Numerical Calculation and Analysis of Three-Dimensional Transient Electromagnetic Field in the End Region of Large Water–Hydrogen–Hydrogen Cooled Turbogenerator

Due to the complexity of the structures and magnetic field distribution in the end region of large turbogenerators, using a 330-MW water-hydrogen-hydrogen cooled turbogenerator as an example, the 3-D mathematical and geometry models of the nonlinear transient eddy current field were given. Taking the nonlinearity of the core material and the influences of noncontact between the copper screen and the clamping plate, as well as the shape of stator end windings into consideration, the 3-D transient electromagnetic field was calculated, and the losses of different metal parts were obtained by the finite-element method. The calculated power losses were applied to the thermal field as heat sources. Temperatures of the copper screen were gained. The calculated results of copper screen were well coincident with the test data. Hence, the calculated results are accurate, and the method of calculation is effective.

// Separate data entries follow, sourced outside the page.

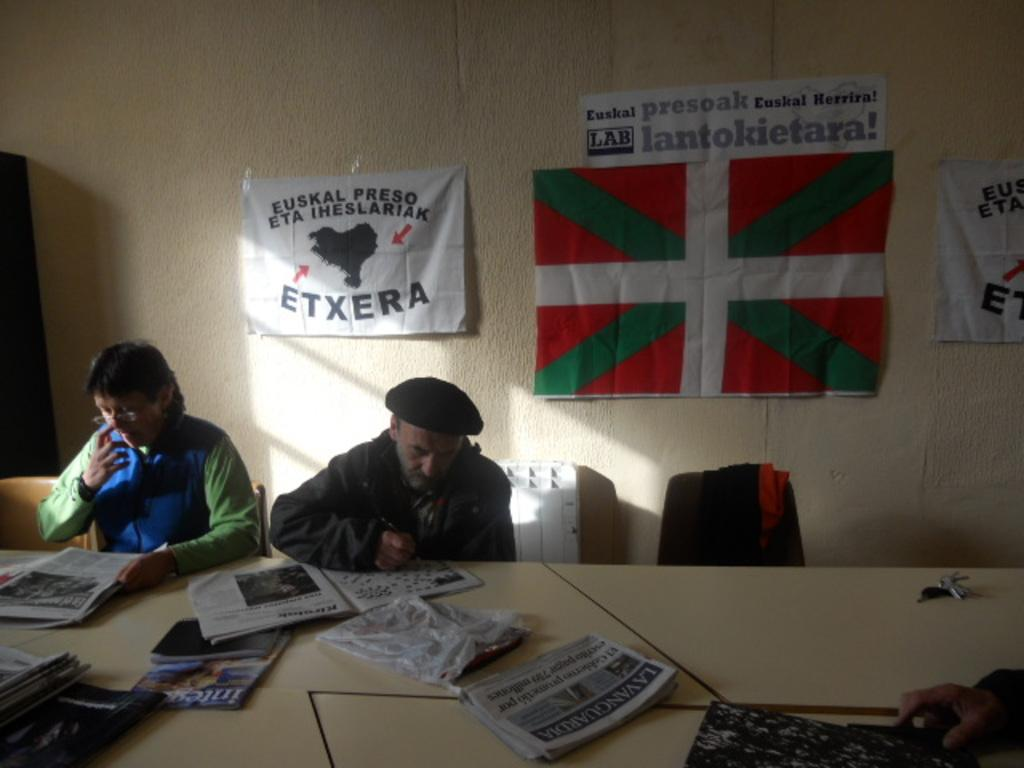How many people are sitting in the image? There are two persons sitting on chairs in the image. What is present between the two sitting persons? There is a table in the image. What is on the table? There are papers on the table. What can be seen in the background of the image? There is a wall in the background of the image. What is on the wall? There are posters on the wall. What type of seed is being planted in the yard in the image? There is no yard or seed present in the image. What thought process can be observed in the image? There is no thought process visible in the image; it only shows two persons sitting, a table, papers, a wall, and posters. 
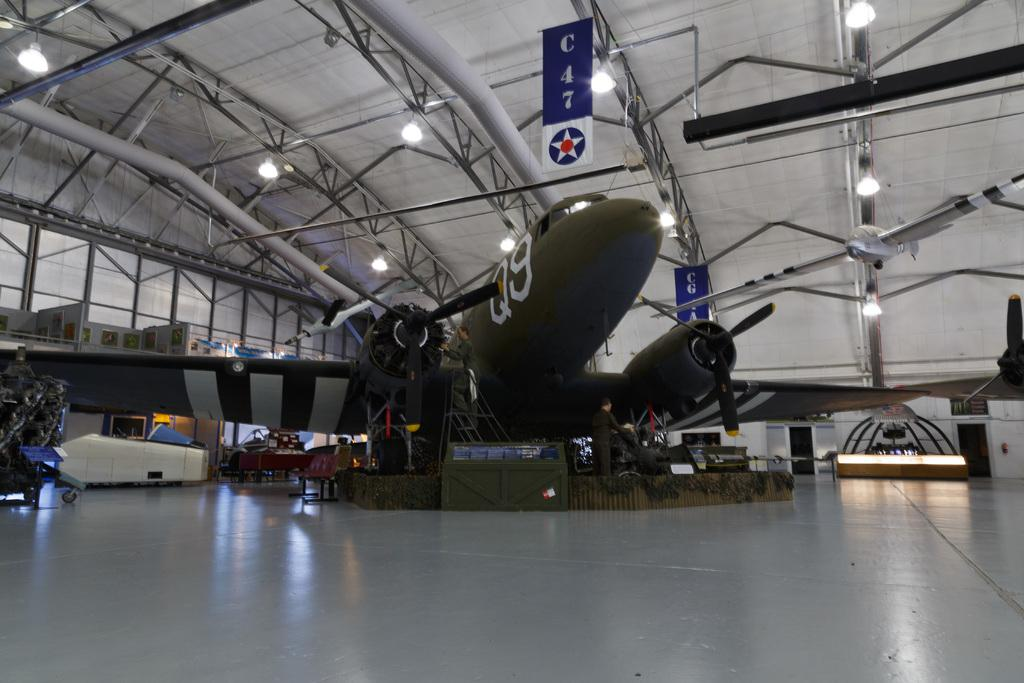Provide a one-sentence caption for the provided image. An airplane with Q9 on its side sits in a hangar. 
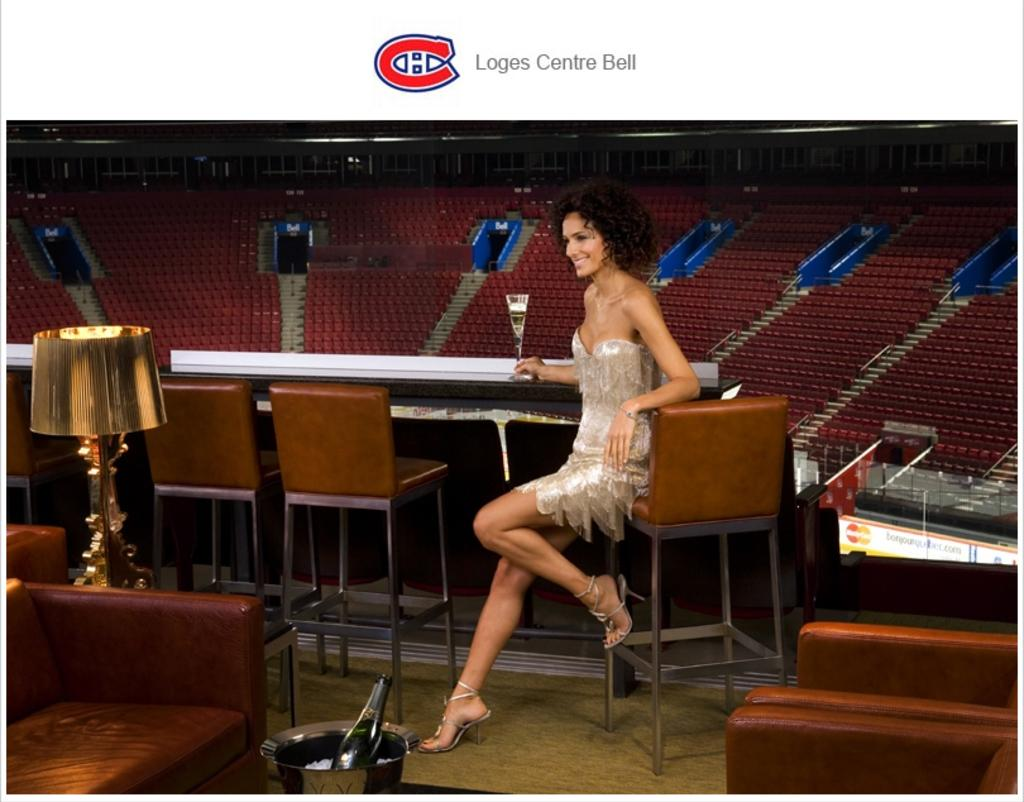Who is present in the image? There is a woman in the image. What is the woman doing in the image? The woman is sitting on a chair. What is the woman holding in the image? The woman is holding a wine glass. Where is the wine glass located in the image? The wine glass is on a table. What can be seen in the background of the image? There are chairs in the background of the image. What type of lunch is the woman eating in the image? There is no lunch visible in the image; the woman is holding a wine glass. What color is the pocket on the woman's dress in the image? The woman is not wearing a dress with a pocket in the image. 
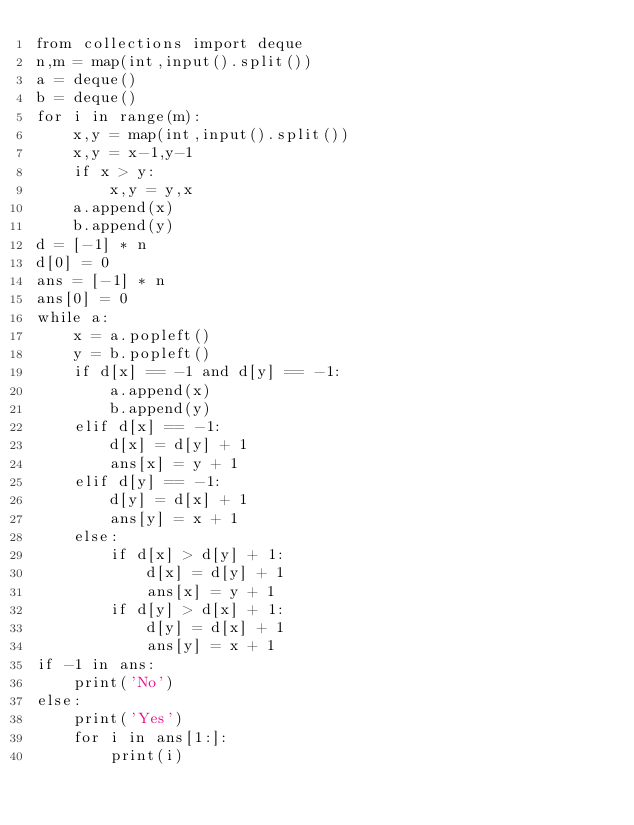Convert code to text. <code><loc_0><loc_0><loc_500><loc_500><_Cython_>from collections import deque
n,m = map(int,input().split())
a = deque()
b = deque()
for i in range(m):
    x,y = map(int,input().split())
    x,y = x-1,y-1
    if x > y:
        x,y = y,x
    a.append(x)
    b.append(y)
d = [-1] * n
d[0] = 0
ans = [-1] * n
ans[0] = 0
while a:
    x = a.popleft()
    y = b.popleft()
    if d[x] == -1 and d[y] == -1:
        a.append(x)
        b.append(y)
    elif d[x] == -1:
        d[x] = d[y] + 1
        ans[x] = y + 1
    elif d[y] == -1:
        d[y] = d[x] + 1
        ans[y] = x + 1
    else:
        if d[x] > d[y] + 1:
            d[x] = d[y] + 1
            ans[x] = y + 1
        if d[y] > d[x] + 1:
            d[y] = d[x] + 1
            ans[y] = x + 1
if -1 in ans:
    print('No')
else:
    print('Yes')
    for i in ans[1:]:
        print(i)</code> 
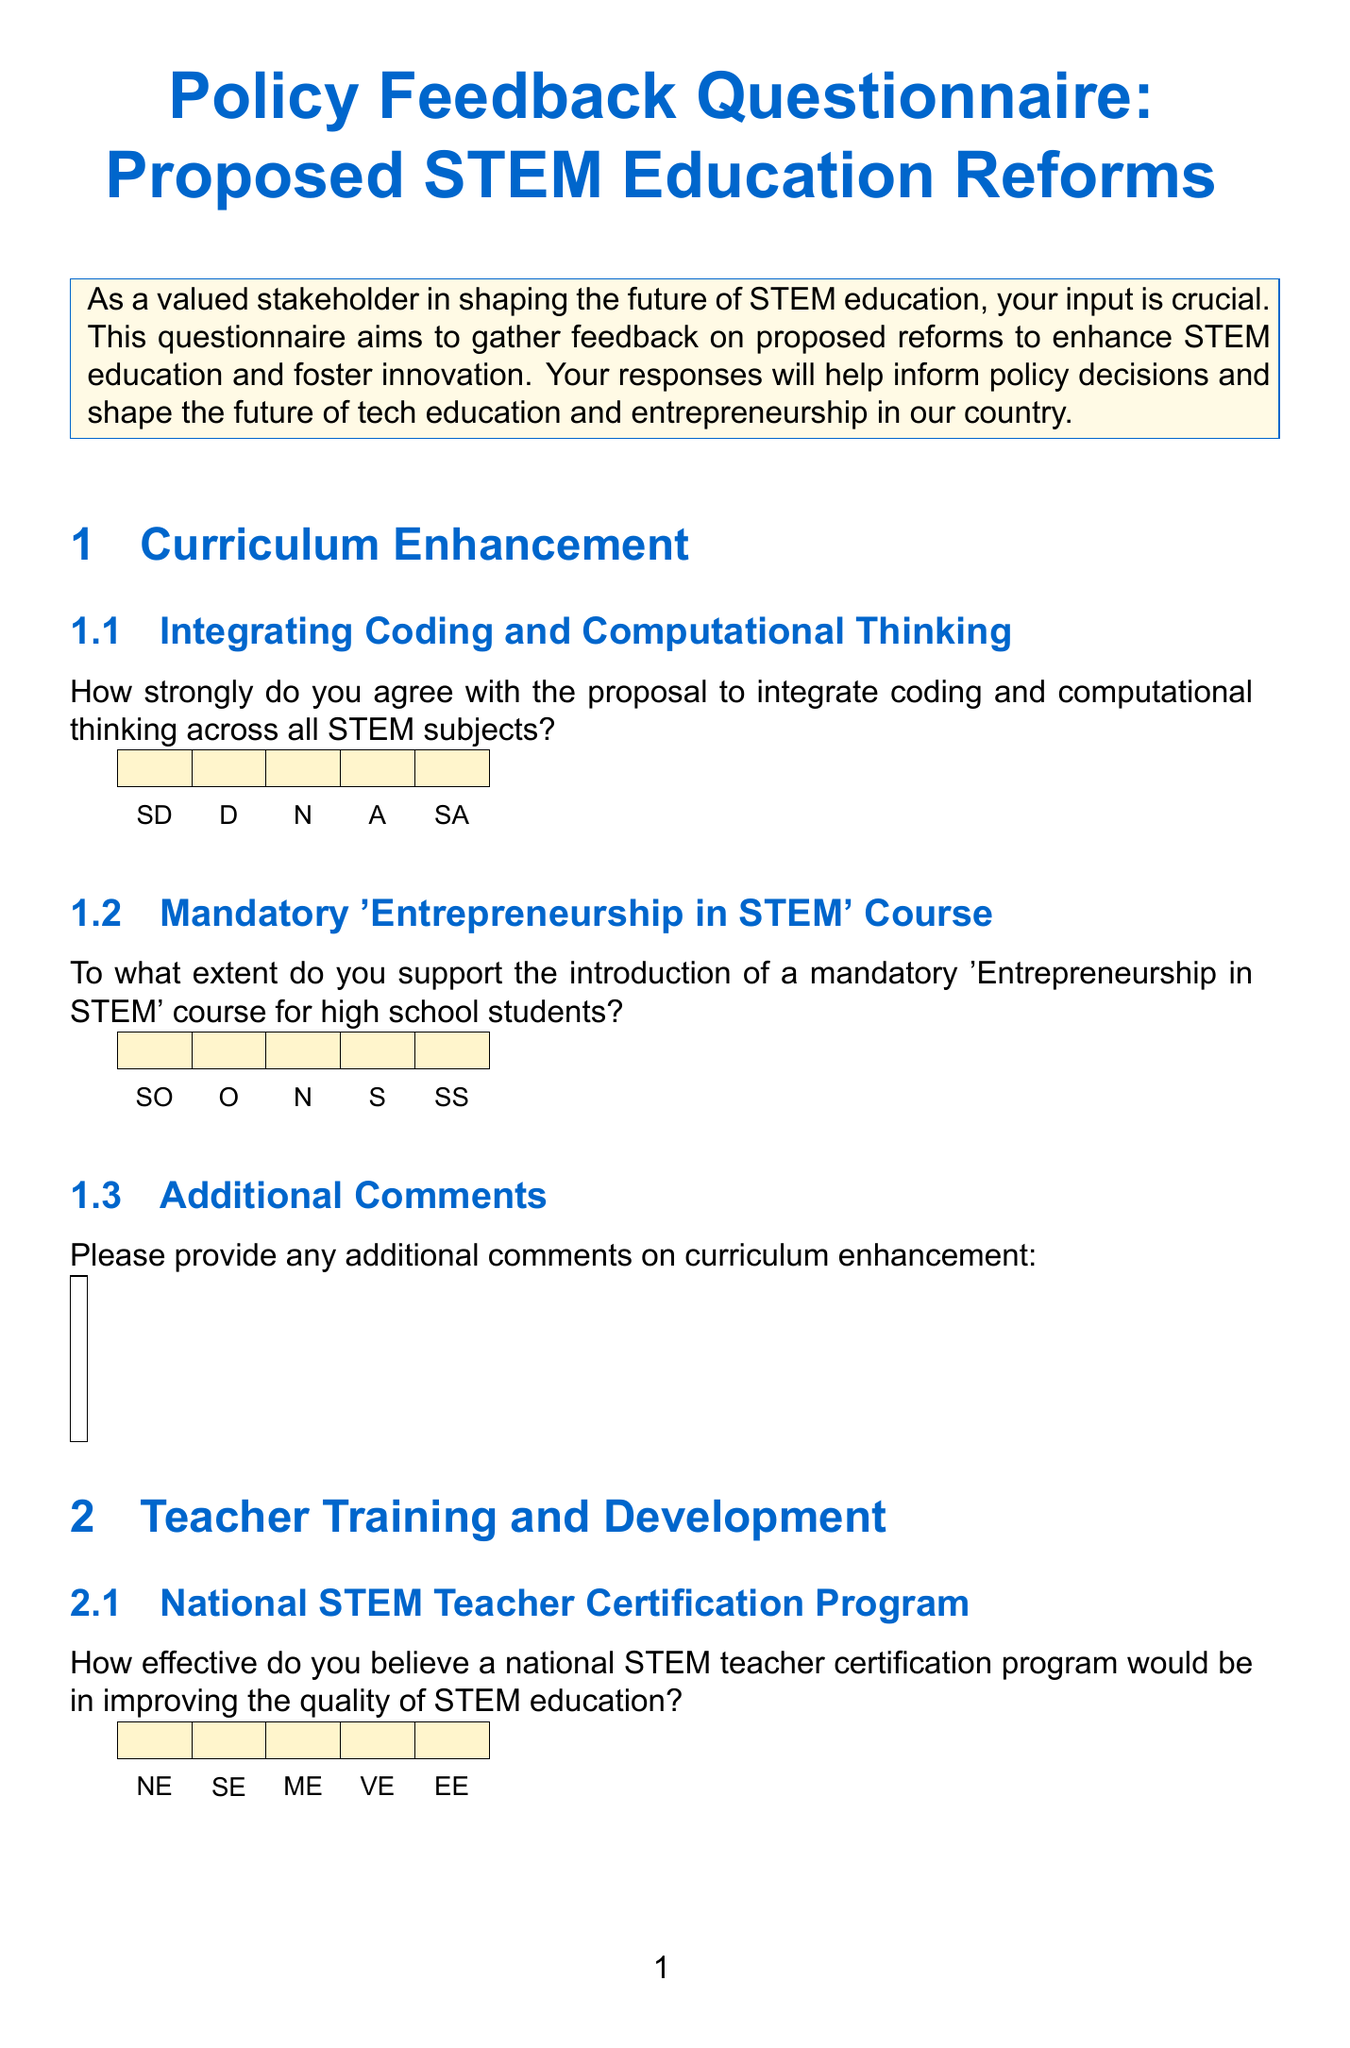What is the title of the document? The title appears at the beginning of the document in a large font.
Answer: Policy Feedback Questionnaire: Proposed STEM Education Reforms What section discusses the importance of infrastructure? The sections are outlined with specific names that denote their content focus.
Answer: Infrastructure and Resources How many Likert scale questions are in the "Teacher Training and Development" section? The number of questions can be counted directly under the specified section title.
Answer: Two What is the Likert scale option for "How effective do you believe targeted scholarships and mentorship programs would be in increasing diversity in STEM fields?" The Likert scale options provide a range of responses for questions throughout the document.
Answer: Not at all Effective What is the purpose of this questionnaire? The purpose is indicated in the introduction section of the document.
Answer: Gather feedback on proposed reforms to enhance STEM education and foster innovation How would you describe the overall format of the document? The format includes sections, questions, Likert scales, and comment boxes, which are typical in survey documents.
Answer: Questionnaire To what extent do you support the introduction of a mandatory 'Entrepreneurship in STEM' course for high school students? This question is listed in the Curriculum Enhancement section and uses a specific set of response options.
Answer: Likert scale options

Robust Optimization for Dynamic Characteristics of Mechanical Structures Based on Double Renewal Kriging Model

Present optimization approaches for the mechanical structures usually neglect the uncertainty of material characteristics and the influence of their dynamic characteristics on the overall performance. Moreover, the algorithms for solving the optimization problems are often inefficient. To overcome the above shortcomings, the robust optimization method of the dynamic characteristics of mechanical structures based on double renewal Kriging models is proposed. A robust optimization model including both the means and variances of the mechanical structures' dynamic characteristics in the objectives is established. The model includes the deformation of mechanical structures as constraints. The kriging models that can accurately and efficiently obtain the values of objective and constraint functions are constructed based on the Latin hypercube experimental design, double update strategy, and the sample point encryption technology in both the local area of maximum error and the neighborhood of the approximate optimal solution. And then all the Pareto optimal solutions to the robust optimization problem of the mechanical structures' dynamic characteristics are located by integrating a neighborhood cultivation-based genetic algorithm with the double renewal Kriging model. The robust optimal design of the dynamic characteristics of the cone-shape fixed structure of a large turbogenerator's stator end windings verifies the validity of the proposed method as well as its superiority over the deterministic ones.

Influence of Copper Shield Structure on 3-D Electromagnetic Field, Fluid and Temperature Fields in End Region of Large Turbogenerator

A new kind of the copper shield structure called the empty solid copper shield structure (ESCSS) in the large turbogenerator is proposed in this paper. Based on the complex structure characteristics of a 330-MW water-hydrogen-hydrogen cooled turbogenerator, the flow network within a half of the generator is established, and the total flow rate, pressure, flow rates (boundary conditions) of the various ventilation ducts and the chambers in the generator are separately obtained after solving the equations of the flow network when the traditional copper shield structure and the ESCSS are adopted. The 3-D transient electromagnetic field of the generator end region is calculated by using the time-stepping FEM, and the electromagnetic loss distributions (heat sources) are determined separately. Then, the fluid and thermal analysis model for the whole end region is established. Through numerical calculating, the whole end region 3-D fluid and temperature distributions are obtained separately. The results show that the new copper shield structure makes the copper shield temperature much lower. Meanwhile, the copper shield material is saved. The obtained conclusions may provide useful reference for the optimal design and research of the large turbogenerator.